Djoker Speaks About Head Commercial

I was among a small group of reporters with Novak Djokovic on Saturday when he was asked about his starring role in a recent and rather risqué commercial for Head. Djokovic admitted that much of it was unscripted and improvised, but not all of it played well at home.


“My mother reacted quite strange on that,” the No. 4 Serb said of the ad, which includes Djokovic ogling a female in the crowd, balancing a racket on his nose and a water-in-the-chair move a la Jennifer Beals in “Flashdance” – all while chasing down a ball in the stands. Oh yeah, and an elderly lady lubes his chest with baby oil. “It’s a very strange commercial,” he conceded with a chuckle.

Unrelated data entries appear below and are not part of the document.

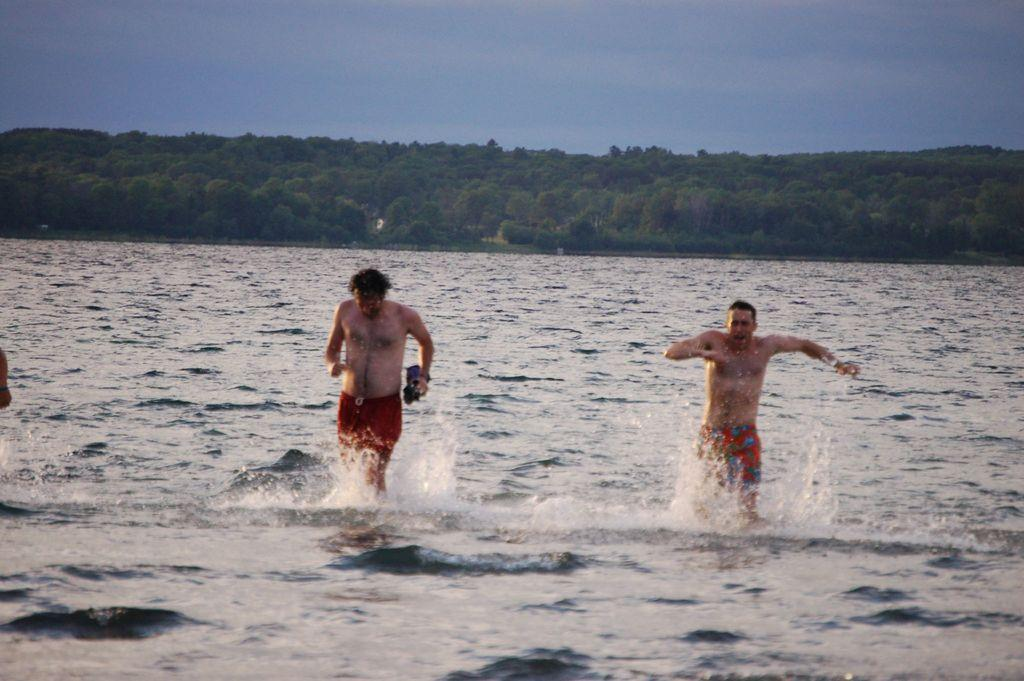How many people are in the image? There are two persons in the image. What is visible in the image besides the people? Water and trees are visible in the image. What can be seen in the background of the image? The sky is visible in the background of the image. What type of story is being told by the nose in the image? There is no nose present in the image, so it is not possible to determine if a story is being told by it. 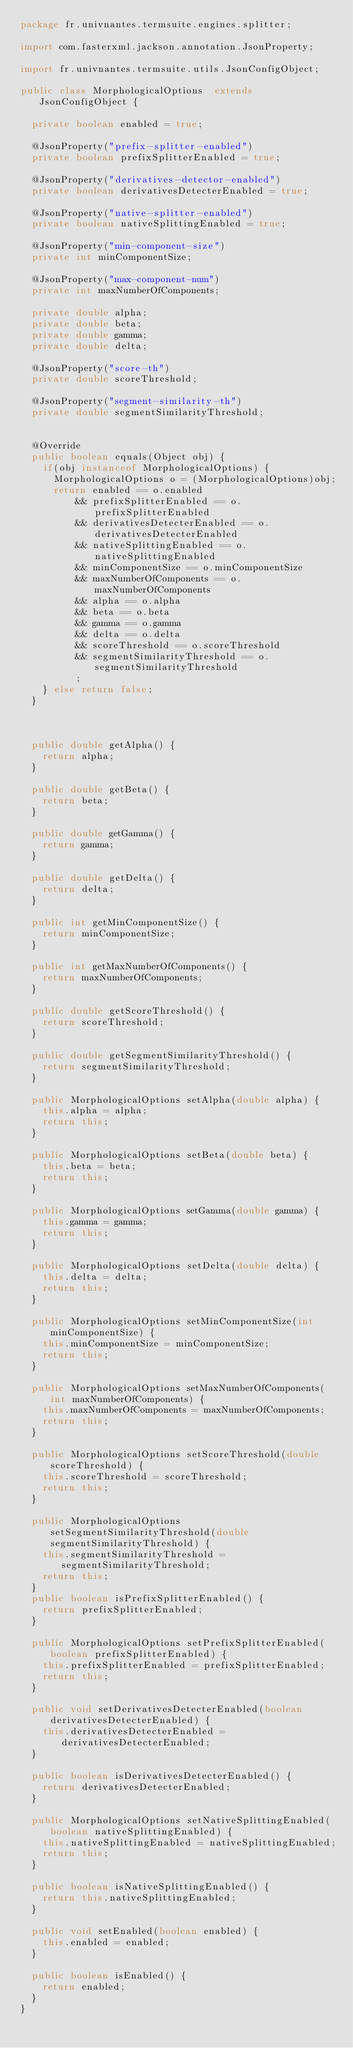Convert code to text. <code><loc_0><loc_0><loc_500><loc_500><_Java_>package fr.univnantes.termsuite.engines.splitter;

import com.fasterxml.jackson.annotation.JsonProperty;

import fr.univnantes.termsuite.utils.JsonConfigObject;

public class MorphologicalOptions  extends JsonConfigObject {

	private boolean enabled = true;
	
	@JsonProperty("prefix-splitter-enabled")
	private boolean prefixSplitterEnabled = true;

	@JsonProperty("derivatives-detector-enabled")
	private boolean derivativesDetecterEnabled = true;
	
	@JsonProperty("native-splitter-enabled")
	private boolean nativeSplittingEnabled = true;

	@JsonProperty("min-component-size")
	private int minComponentSize;

	@JsonProperty("max-component-num")
	private int maxNumberOfComponents;

	private double alpha;
	private double beta;
	private double gamma;
	private double delta;
	
	@JsonProperty("score-th")
	private double scoreThreshold;

	@JsonProperty("segment-similarity-th")
	private double segmentSimilarityThreshold;
	
	
	@Override
	public boolean equals(Object obj) {
		if(obj instanceof MorphologicalOptions) {
			MorphologicalOptions o = (MorphologicalOptions)obj;
			return enabled == o.enabled
					&& prefixSplitterEnabled == o.prefixSplitterEnabled
					&& derivativesDetecterEnabled == o.derivativesDetecterEnabled
					&& nativeSplittingEnabled == o.nativeSplittingEnabled
					&& minComponentSize == o.minComponentSize
					&& maxNumberOfComponents == o.maxNumberOfComponents
					&& alpha == o.alpha
					&& beta == o.beta
					&& gamma == o.gamma
					&& delta == o.delta
					&& scoreThreshold == o.scoreThreshold
					&& segmentSimilarityThreshold == o.segmentSimilarityThreshold
					;
		} else return false;
	}


	
	public double getAlpha() {
		return alpha;
	}
	
	public double getBeta() {
		return beta;
	}
	
	public double getGamma() {
		return gamma;
	}
	
	public double getDelta() {
		return delta;
	}
	
	public int getMinComponentSize() {
		return minComponentSize;
	}
	
	public int getMaxNumberOfComponents() {
		return maxNumberOfComponents;
	}
	
	public double getScoreThreshold() {
		return scoreThreshold;
	}
	
	public double getSegmentSimilarityThreshold() {
		return segmentSimilarityThreshold;
	}

	public MorphologicalOptions setAlpha(double alpha) {
		this.alpha = alpha;
		return this;
	}

	public MorphologicalOptions setBeta(double beta) {
		this.beta = beta;
		return this;
	}

	public MorphologicalOptions setGamma(double gamma) {
		this.gamma = gamma;
		return this;
	}

	public MorphologicalOptions setDelta(double delta) {
		this.delta = delta;
		return this;
	}

	public MorphologicalOptions setMinComponentSize(int minComponentSize) {
		this.minComponentSize = minComponentSize;
		return this;
	}

	public MorphologicalOptions setMaxNumberOfComponents(int maxNumberOfComponents) {
		this.maxNumberOfComponents = maxNumberOfComponents;
		return this;
	}

	public MorphologicalOptions setScoreThreshold(double scoreThreshold) {
		this.scoreThreshold = scoreThreshold;
		return this;
	}
	
	public MorphologicalOptions setSegmentSimilarityThreshold(double segmentSimilarityThreshold) {
		this.segmentSimilarityThreshold = segmentSimilarityThreshold;
		return this;
	}
	public boolean isPrefixSplitterEnabled() {
		return prefixSplitterEnabled;
	}
	
	public MorphologicalOptions setPrefixSplitterEnabled(boolean prefixSplitterEnabled) {
		this.prefixSplitterEnabled = prefixSplitterEnabled;
		return this;
	}
	
	public void setDerivativesDetecterEnabled(boolean derivativesDetecterEnabled) {
		this.derivativesDetecterEnabled = derivativesDetecterEnabled;
	}
	
	public boolean isDerivativesDetecterEnabled() {
		return derivativesDetecterEnabled;
	}
	
	public MorphologicalOptions setNativeSplittingEnabled(boolean nativeSplittingEnabled) {
		this.nativeSplittingEnabled = nativeSplittingEnabled;
		return this;
	}
	
	public boolean isNativeSplittingEnabled() {
		return this.nativeSplittingEnabled;
	}
	
	public void setEnabled(boolean enabled) {
		this.enabled = enabled;
	}
	
	public boolean isEnabled() {
		return enabled;
	}
}
</code>

But that’s not what irked his mother. “When she saw it, she laughed,” said Djokovic. “She liked the idea, the fun we had, the enjoyment we had making it. But she didn’t like the nipple thing.” To see what he’s talking about, click here.


Djokovic said he sat for an hour contemplating whether or not to perform the portion of the ad that apparently upset his mother. “I just imagined my mother giving me comments about it,” he said. At least he knows where Mom draws the line. Asked if he’d do another commercial like that, Djokovic said: “With the nipples, I don’t think (so).”